Logo for WCRCAsThe folks over at Frumph decided we didn’t have enough webcomics award shows/ceremonies, so they decided to create the WCRCAs (Webcomic Readers Choice Awards), not to be confused with the WCCAs (Webcomic Choice Awards).

Among the categories are simple ones like Best Art, Writing, Design, Author Congeniality (how well the creator tends to interact with the readers), Protagonist and Antagonist (separate categories), Supporting Character, and New Comic. Actually, that’s all the categories; you can bet that more will be added if the awards are popular. 

In terms of who won what, it’s a good smattering of strips you may not have heard of or strips that you’ve heard of but never checked out for whatever reason (new category: Best Strip You Meant To Check Out But Something Came Up). The categories were voted on by the fans, the weightiest aspect of the entire tabulation process, and then discussed and deliberated by a panel of qualified judges.
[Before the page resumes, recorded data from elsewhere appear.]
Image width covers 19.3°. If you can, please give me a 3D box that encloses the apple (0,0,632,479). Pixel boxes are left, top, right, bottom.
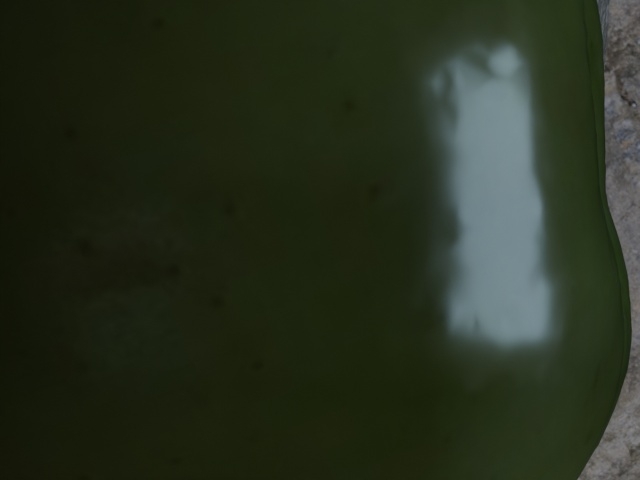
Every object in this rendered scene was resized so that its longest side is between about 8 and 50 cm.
[{"bbox_3d":[-0.054,-0.034,0.656,0.357,0.357,0.357,7,90,-74],"label":"apple"}]
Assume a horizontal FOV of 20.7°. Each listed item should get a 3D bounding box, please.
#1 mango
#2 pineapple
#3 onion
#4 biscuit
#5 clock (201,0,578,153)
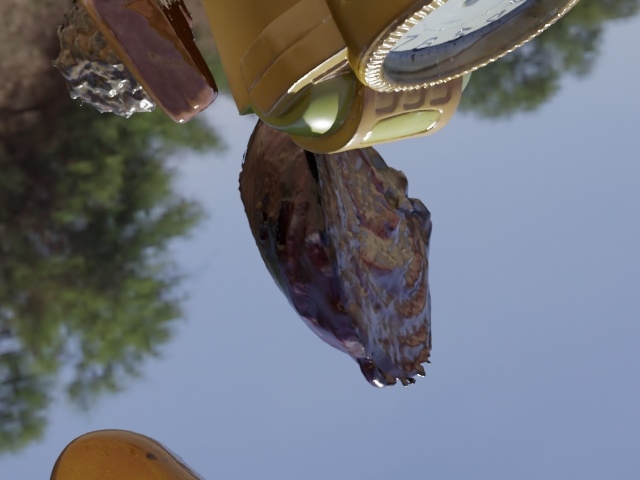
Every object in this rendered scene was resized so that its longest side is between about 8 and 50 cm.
[{"bbox_3d":[-0.174,0.318,1.932,0.290,0.191,0.160,23,-110,38],"label":"mango"},{"bbox_3d":[-0.226,-0.247,2.067,0.166,0.166,0.193,-3,-132,34],"label":"pineapple"},{"bbox_3d":[0.000,0.000,1.675,0.146,0.314,0.280,-13,-140,19],"label":"onion"},{"bbox_3d":[-0.154,-0.208,0.932,0.043,0.306,0.284,-30,-126,4],"label":"biscuit"},{"bbox_3d":[0.079,-0.217,1.472,0.244,0.200,0.317,-17,167,-41],"label":"clock"}]
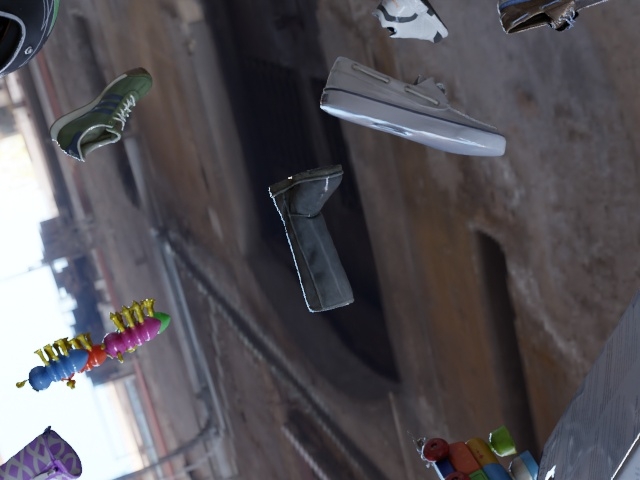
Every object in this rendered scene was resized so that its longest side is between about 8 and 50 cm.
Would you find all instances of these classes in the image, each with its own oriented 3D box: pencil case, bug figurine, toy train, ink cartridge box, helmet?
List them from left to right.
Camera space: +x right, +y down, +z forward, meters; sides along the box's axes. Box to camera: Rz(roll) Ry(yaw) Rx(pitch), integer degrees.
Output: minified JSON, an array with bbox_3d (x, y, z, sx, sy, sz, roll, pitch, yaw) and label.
[{"bbox_3d":[-0.334,-0.246,1.112,0.170,0.161,0.169,-10,-118,20],"label":"helmet"},{"bbox_3d":[-0.420,0.347,1.562,0.206,0.086,0.088,-39,-157,6],"label":"pencil case"},{"bbox_3d":[-0.327,0.159,1.680,0.216,0.072,0.279,-28,179,-3],"label":"bug figurine"},{"bbox_3d":[0.235,0.327,1.758,0.143,0.105,0.248,-26,-151,-3],"label":"toy train"},{"bbox_3d":[0.301,0.186,1.120,0.072,0.330,0.324,24,-151,5],"label":"ink cartridge box"}]

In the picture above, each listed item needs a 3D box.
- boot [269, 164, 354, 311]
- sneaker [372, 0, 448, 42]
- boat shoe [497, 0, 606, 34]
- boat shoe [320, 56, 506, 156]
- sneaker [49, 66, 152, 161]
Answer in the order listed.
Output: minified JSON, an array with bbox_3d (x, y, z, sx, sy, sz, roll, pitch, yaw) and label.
[{"bbox_3d":[0.002,-0.001,1.721,0.076,0.208,0.190,-13,177,-26],"label":"boot"},{"bbox_3d":[0.078,-0.196,1.004,0.044,0.040,0.109,-39,157,15],"label":"sneaker"},{"bbox_3d":[0.370,-0.360,1.776,0.183,0.066,0.066,-10,162,22],"label":"boat shoe"},{"bbox_3d":[0.136,-0.187,1.591,0.268,0.088,0.096,16,174,-1],"label":"boat shoe"},{"bbox_3d":[-0.339,-0.197,1.855,0.192,0.064,0.086,-36,-121,-12],"label":"sneaker"}]
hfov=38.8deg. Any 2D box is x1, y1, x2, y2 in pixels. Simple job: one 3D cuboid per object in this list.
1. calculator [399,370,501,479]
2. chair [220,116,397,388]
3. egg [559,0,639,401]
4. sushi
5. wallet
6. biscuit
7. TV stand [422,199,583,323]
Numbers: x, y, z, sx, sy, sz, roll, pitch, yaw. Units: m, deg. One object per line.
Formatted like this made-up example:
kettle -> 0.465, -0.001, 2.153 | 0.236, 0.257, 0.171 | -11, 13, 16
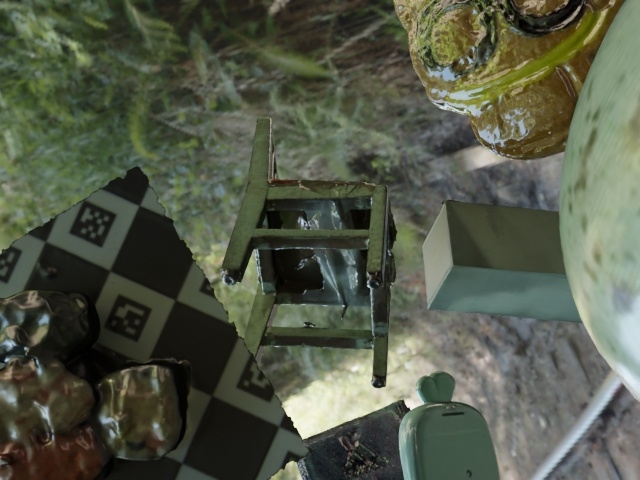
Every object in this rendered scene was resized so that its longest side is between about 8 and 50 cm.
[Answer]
calculator -> 0.102, 0.176, 0.703 | 0.021, 0.095, 0.153 | -25, 67, 48
chair -> 0.000, 0.000, 0.869 | 0.270, 0.147, 0.136 | -81, -10, -54
egg -> 0.288, -0.050, 0.521 | 0.287, 0.288, 0.379 | -120, 30, -69
sushi -> -0.160, 0.101, 0.564 | 0.219, 0.231, 0.047 | 58, 180, 5
wallet -> 0.054, 0.284, 1.175 | 0.030, 0.166, 0.111 | 75, 174, -63
biscuit -> 0.168, -0.212, 0.815 | 0.041, 0.208, 0.290 | 7, -117, -59
TV stand -> 0.243, 0.026, 0.909 | 0.088, 0.270, 0.082 | 111, 161, -54
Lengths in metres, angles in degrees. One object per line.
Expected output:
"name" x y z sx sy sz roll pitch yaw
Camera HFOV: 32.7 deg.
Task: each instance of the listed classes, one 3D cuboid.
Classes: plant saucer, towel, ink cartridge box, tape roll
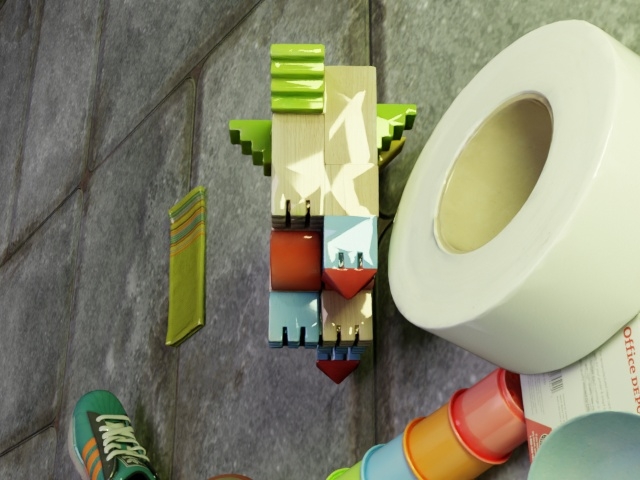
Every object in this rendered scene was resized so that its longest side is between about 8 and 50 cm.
"plant saucer" 0.235 0.209 0.776 0.195 0.037 0.195 17 114 45
"towel" -0.206 0.037 1.668 0.102 0.021 0.237 -39 45 47
"ink cartridge box" 0.226 0.126 0.855 0.135 0.056 0.099 -35 48 48
"tape roll" 0.177 -0.036 0.911 0.286 0.100 0.286 -48 27 34

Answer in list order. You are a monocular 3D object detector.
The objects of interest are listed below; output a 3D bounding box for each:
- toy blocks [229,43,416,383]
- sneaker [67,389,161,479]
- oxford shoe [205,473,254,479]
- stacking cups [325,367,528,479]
"toy blocks" 0.000 0.000 1.105 0.381 0.190 0.261 97 173 -75
"sneaker" -0.288 0.334 1.594 0.121 0.108 0.302 -50 46 35
"oxford shoe" -0.052 0.414 1.173 0.348 0.123 0.130 -119 25 -49
"stacking cups" 0.095 0.219 1.022 0.316 0.096 0.096 -41 43 37
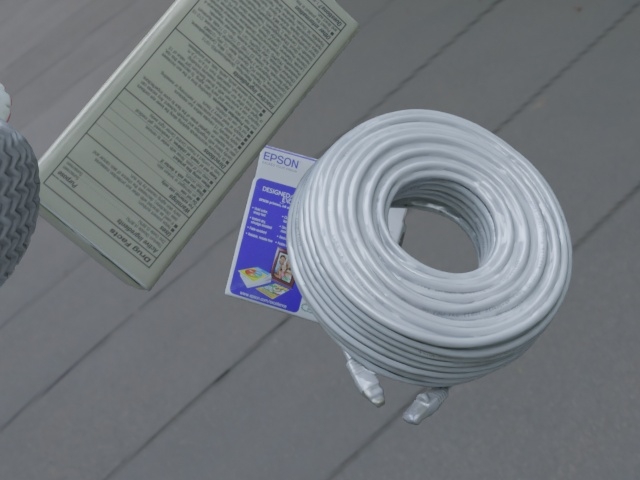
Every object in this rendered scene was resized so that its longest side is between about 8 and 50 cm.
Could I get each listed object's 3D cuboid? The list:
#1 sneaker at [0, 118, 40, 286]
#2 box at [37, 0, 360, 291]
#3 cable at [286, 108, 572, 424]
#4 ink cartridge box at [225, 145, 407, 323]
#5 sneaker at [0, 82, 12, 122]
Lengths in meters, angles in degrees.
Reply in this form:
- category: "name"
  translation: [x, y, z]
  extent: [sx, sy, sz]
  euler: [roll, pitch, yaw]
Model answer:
- category: "sneaker"
  translation: [-0.239, -0.009, 0.338]
  extent: [0.153, 0.101, 0.268]
  euler: [29, 29, 31]
- category: "box"
  translation: [-0.123, -0.118, 0.957]
  extent: [0.311, 0.148, 0.121]
  euler: [-51, 14, -11]
- category: "cable"
  translation: [0.096, 0.001, 0.936]
  extent: [0.257, 0.257, 0.089]
  euler: [-29, -18, -28]
- category: "ink cartridge box"
  translation: [0.000, 0.000, 1.353]
  extent: [0.206, 0.208, 0.045]
  euler: [17, 12, 10]
- category: "sneaker"
  translation: [-0.371, -0.062, 0.921]
  extent: [0.103, 0.111, 0.252]
  euler: [-1, 63, 25]
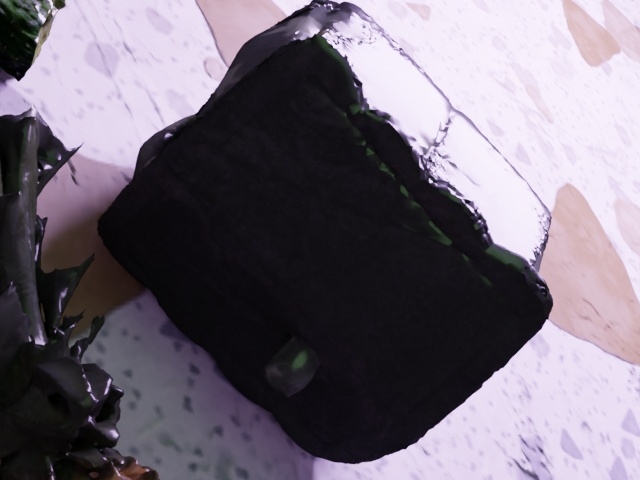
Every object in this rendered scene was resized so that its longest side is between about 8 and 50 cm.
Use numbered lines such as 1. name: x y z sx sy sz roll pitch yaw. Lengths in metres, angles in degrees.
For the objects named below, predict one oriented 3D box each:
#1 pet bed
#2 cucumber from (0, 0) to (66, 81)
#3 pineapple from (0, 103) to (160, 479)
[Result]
1. pet bed: 0.000 0.000 0.665 0.211 0.183 0.159 47 29 -8
2. cucumber: -0.228 -0.164 0.670 0.187 0.058 0.058 35 37 -20
3. pineapple: -0.120 0.075 0.511 0.130 0.119 0.277 8 51 -52
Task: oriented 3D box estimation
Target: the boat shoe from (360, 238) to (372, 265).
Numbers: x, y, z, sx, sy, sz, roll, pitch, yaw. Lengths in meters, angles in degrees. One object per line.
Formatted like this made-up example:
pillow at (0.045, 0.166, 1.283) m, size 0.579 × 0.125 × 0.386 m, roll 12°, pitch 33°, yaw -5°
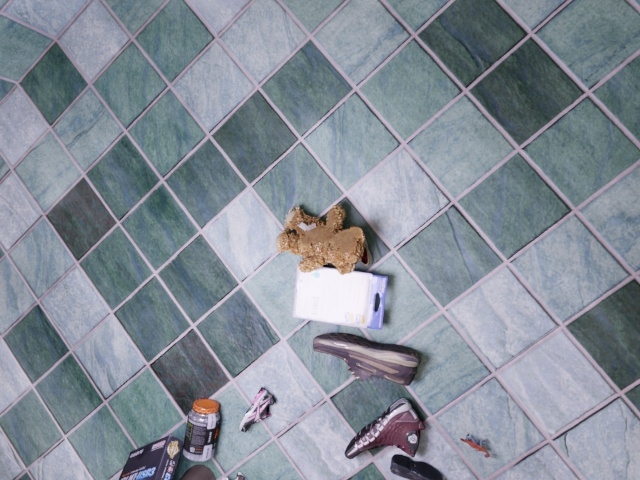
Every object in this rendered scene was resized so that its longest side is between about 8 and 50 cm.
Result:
boat shoe at (0.133, 0.022, 1.629) m, size 0.050 × 0.045 × 0.135 m, roll -30°, pitch 83°, yaw 14°

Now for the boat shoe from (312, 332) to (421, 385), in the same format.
boat shoe at (0.139, 0.391, 1.590) m, size 0.356 × 0.132 × 0.130 m, roll 10°, pitch 93°, yaw 16°

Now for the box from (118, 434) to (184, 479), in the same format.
box at (-0.618, 0.852, 1.690) m, size 0.296 × 0.293 × 0.073 m, roll -31°, pitch 123°, yaw 34°

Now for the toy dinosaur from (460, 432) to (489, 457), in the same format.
toy dinosaur at (0.487, 0.649, 1.535) m, size 0.082 × 0.090 × 0.047 m, roll 39°, pitch 119°, yaw 43°

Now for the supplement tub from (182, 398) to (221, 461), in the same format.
supplement tub at (-0.422, 0.674, 1.753) m, size 0.117 × 0.117 × 0.190 m, roll 11°, pitch 94°, yaw 15°

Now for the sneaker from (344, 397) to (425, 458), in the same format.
sneaker at (0.221, 0.658, 1.587) m, size 0.281 × 0.106 × 0.162 m, roll -43°, pitch 83°, yaw 11°

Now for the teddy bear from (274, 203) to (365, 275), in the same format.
teddy bear at (0.000, 0.000, 1.617) m, size 0.338 × 0.113 × 0.244 m, roll -1°, pitch 64°, yaw 25°

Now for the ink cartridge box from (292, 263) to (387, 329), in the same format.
ink cartridge box at (0.066, 0.186, 1.642) m, size 0.312 × 0.065 × 0.185 m, roll 6°, pitch 92°, yaw 18°

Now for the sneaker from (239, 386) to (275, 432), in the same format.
sneaker at (-0.221, 0.610, 1.725) m, size 0.077 × 0.072 × 0.178 m, roll 32°, pitch 104°, yaw 2°

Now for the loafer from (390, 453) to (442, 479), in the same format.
loafer at (0.309, 0.754, 1.593) m, size 0.170 × 0.062 × 0.061 m, roll 18°, pitch 118°, yaw 18°

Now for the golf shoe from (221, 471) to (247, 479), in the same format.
golf shoe at (-0.348, 0.892, 1.726) m, size 0.093 × 0.198 × 0.077 m, roll 61°, pitch 146°, yaw 20°

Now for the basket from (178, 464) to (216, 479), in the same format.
basket at (-0.485, 0.932, 1.718) m, size 0.154 × 0.227 × 0.204 m, roll 20°, pitch 95°, yaw 14°

With each category we are given everyone who was nominated, including the place they did or did not earn in the awards (out of at least four, not including the Honorable Mention). I must say that this is where my opinion of this new awards… thing changes. I love the fact that we now have yet another list of webcomics from which to pull and cull reviews, but are you really going to put a badge of honor on your site, stating you were the 4th Place (3rd Runner-Up) Best Artist of the Webcomic Reader’s Choice Awards?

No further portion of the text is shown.